## Task brief
Look through the listing underneath for "structure", and copy every line that has it.
[Records to process]
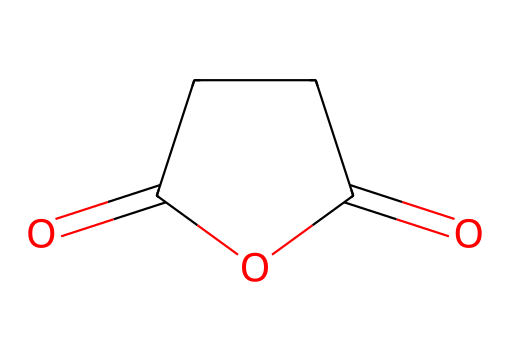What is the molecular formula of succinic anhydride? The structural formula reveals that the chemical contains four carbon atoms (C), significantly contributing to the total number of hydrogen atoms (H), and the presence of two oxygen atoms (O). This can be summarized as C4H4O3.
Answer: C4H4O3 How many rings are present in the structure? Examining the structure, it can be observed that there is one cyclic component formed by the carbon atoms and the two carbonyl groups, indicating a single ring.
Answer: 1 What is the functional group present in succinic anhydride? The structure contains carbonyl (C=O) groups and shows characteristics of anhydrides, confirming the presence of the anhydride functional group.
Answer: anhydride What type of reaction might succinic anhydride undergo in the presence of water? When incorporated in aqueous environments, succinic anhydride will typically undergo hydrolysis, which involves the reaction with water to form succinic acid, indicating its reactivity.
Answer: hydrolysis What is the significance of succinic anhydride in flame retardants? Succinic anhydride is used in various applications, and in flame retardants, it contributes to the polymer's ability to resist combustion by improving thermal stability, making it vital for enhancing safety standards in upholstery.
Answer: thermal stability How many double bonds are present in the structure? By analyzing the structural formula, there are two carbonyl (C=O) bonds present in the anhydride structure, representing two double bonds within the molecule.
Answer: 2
[/Records to process]
[Records to process]
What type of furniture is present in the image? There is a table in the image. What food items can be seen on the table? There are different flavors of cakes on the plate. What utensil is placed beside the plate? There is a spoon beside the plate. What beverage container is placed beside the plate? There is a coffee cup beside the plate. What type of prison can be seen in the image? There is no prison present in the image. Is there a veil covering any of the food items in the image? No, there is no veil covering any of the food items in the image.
[/Records to process]
## Your response
Answer: C4H4O3 How many rings are present in the structure? Examining the structure, it can be observed that there is one cyclic component formed by the carbon atoms and the two carbonyl groups, indicating a single ring.
Answer: 1 What is the functional group present in succinic anhydride? The structure contains carbonyl (C=O) groups and shows characteristics of anhydrides, confirming the presence of the anhydride functional group.
Answer: thermal stability How many double bonds are present in the structure? By analyzing the structural formula, there are two carbonyl (C=O) bonds present in the anhydride structure, representing two double bonds within the molecule.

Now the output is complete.